Though there was no Barkov-esque stretches without an infraction, which is to say Monahan didn’t have a 30-plus game span without a minor penalty, he only took six minors all season. That’s tied for the 15th-fewest among all skaters in the NHL this season.

Barkov and O’Reilly are in the same boat when it comes to defensive responsibility. Both draw the toughest matchups on a nightly basis, both are expected to shut down the opposition’s top line and both log monster minutes. This season, O’Reilly was up above 20 minutes per night – and 14 seconds shy of averaging 21 per game – for the fourth consecutive season. And O’Reilly, who is the only of the three finalists to win the award previously, was incredibly disciplined given the level of talent against which he was asked to play all season.
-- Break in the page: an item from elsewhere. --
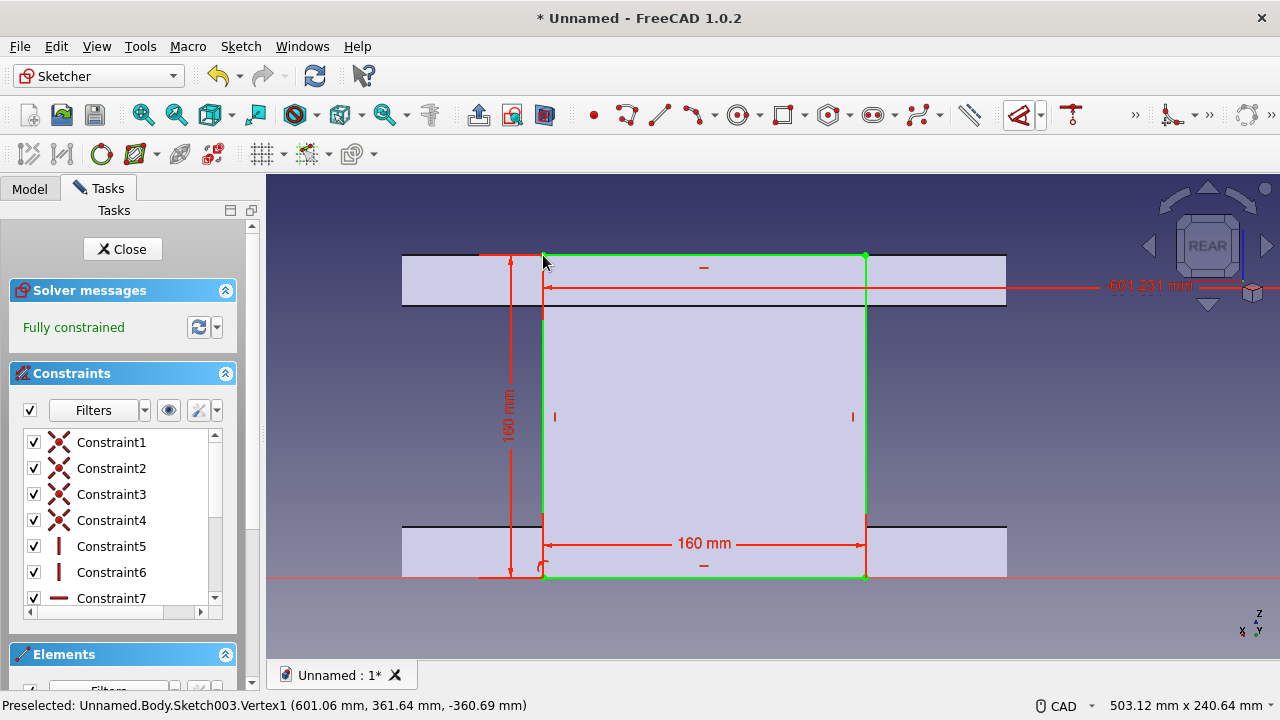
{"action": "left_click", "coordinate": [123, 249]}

Statistically speaking, O’Reilly’s campaign was the least impressive of the top-three in voting, however. While it was a personal best, with O’Reilly matching his previous career high by scoring 28 goals and smashing his old career-high 64-point season with a 77-point output in his first season with the Blues, it fell short of the marks set by Barkov and Monahan. Worth noting, though, is that his goal output as a percentage of his team’s goals is in line with Monahan. Both scored roughly 11.5 percent of their team’s goals, with the Flames sniper slightly ahead. So, when measured that way, O’Reilly’s production on a less-offensive minded group was similarly stellar.

Also, O’Reilly can go step for step with Barkov when it comes to long-term discipline. In fact, O’Reilly – who finished last season with two penalty minutes, marking the second time he had played a full season and recorded one minor infraction – took three minor penalties in the first three games of the season before going on a run of 40 games without a trip to the box. In the final 79 games of the season, O’Reilly took three penalties.
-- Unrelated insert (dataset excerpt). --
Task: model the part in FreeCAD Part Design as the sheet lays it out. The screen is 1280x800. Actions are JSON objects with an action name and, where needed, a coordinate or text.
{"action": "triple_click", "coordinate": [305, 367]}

Let’s be honest: no one is going to throw their arms up in the air or argue until they’re blue in the face about the Lady Byng. Some believe it’s the least important of all the end-of-year hardware. Regardless, it speaks to in-game discipline, which is a valuable skill. And given his discipline this season, it’s incredible that Colorado Avalanche defenseman Samuel Girard didn’t finish top-three in voting.
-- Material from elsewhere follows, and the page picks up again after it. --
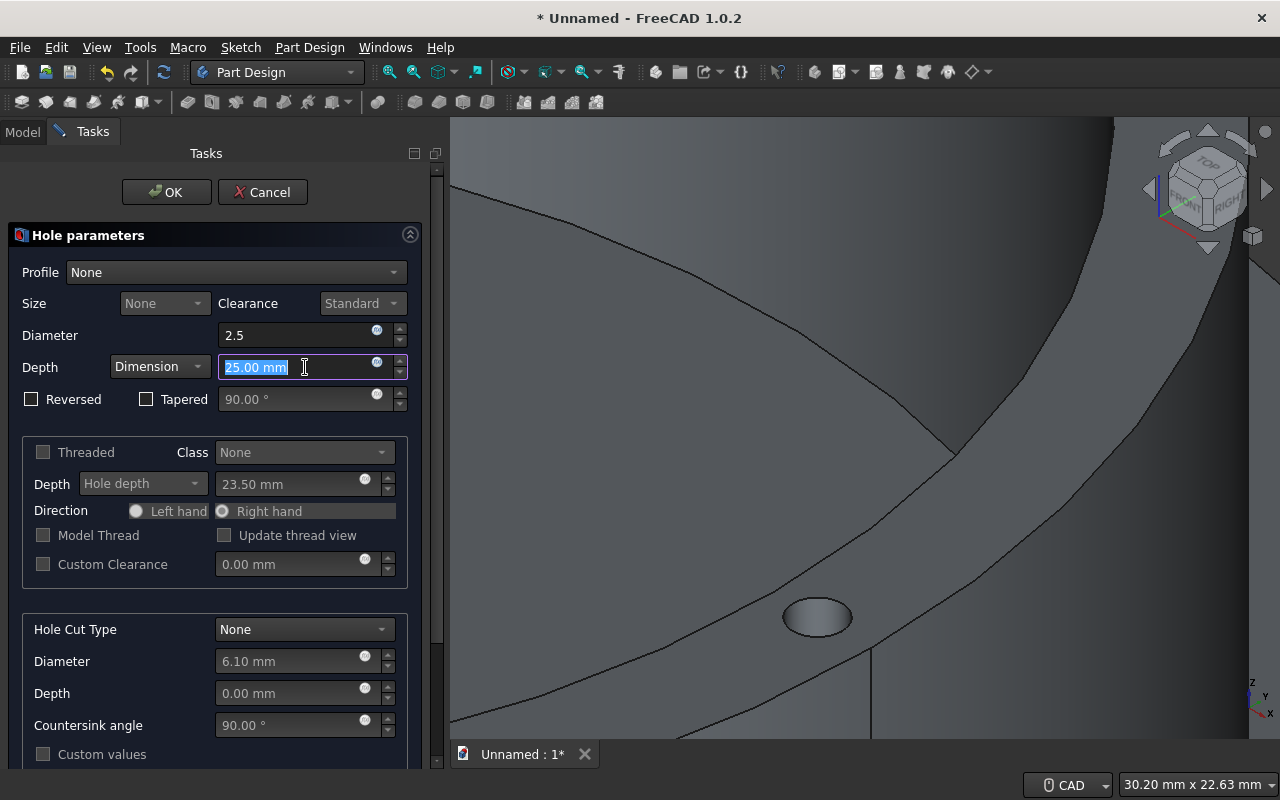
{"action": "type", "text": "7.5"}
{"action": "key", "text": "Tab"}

This season, Girard averaged nearly 20 minutes per game, played in every single outing for the Avalanche, scored four goals and 27 points from the blueline and only took three penalties. Do you know how exceedingly rare that is for a defenseman? In the post-lockout era, only Brian Campbell, who won the Lady Byng with 53 points and six penalty minutes in 2011-12, and Oscar Klefbom, who took six penalty minutes and scored 38 points in 2016-17, have managed similar numbers. In the post-expansion NHL, too, there are only eight defenders who have played 60-plus games, scored 25-plus points and taken six or fewer penalty minutes.

Last thing on Girard, too: while his total minutes played this season, 1,631, are fewer than Barkov (1,833) and O’Reilly (1,702), his penalty minutes rate per 60 minutes of play is actually lower than either. He sat for .22 minutes per hour of play. Barkov sat for .26, O’Reilly for .42 and ‘Knuckles’ Monahan, who played 1,486 minutes this season, was in the sin bin for .48 minutes per 60 minutes of play.

The point is that more defensemen should get consideration for the award. And Girard was especially deserving of a long look this season.

It has to be Barkov. Measured against his competition in the top-three, Barkov played the most minutes, scored the most goals, registered the most points, had the fewest penalty minutes and did so while being recognized league-wide as one of the best two-way pivots in the game. If he does win the award – and well he should – Barkov will have first-, second- and third-place finishes to his name across the past four seasons.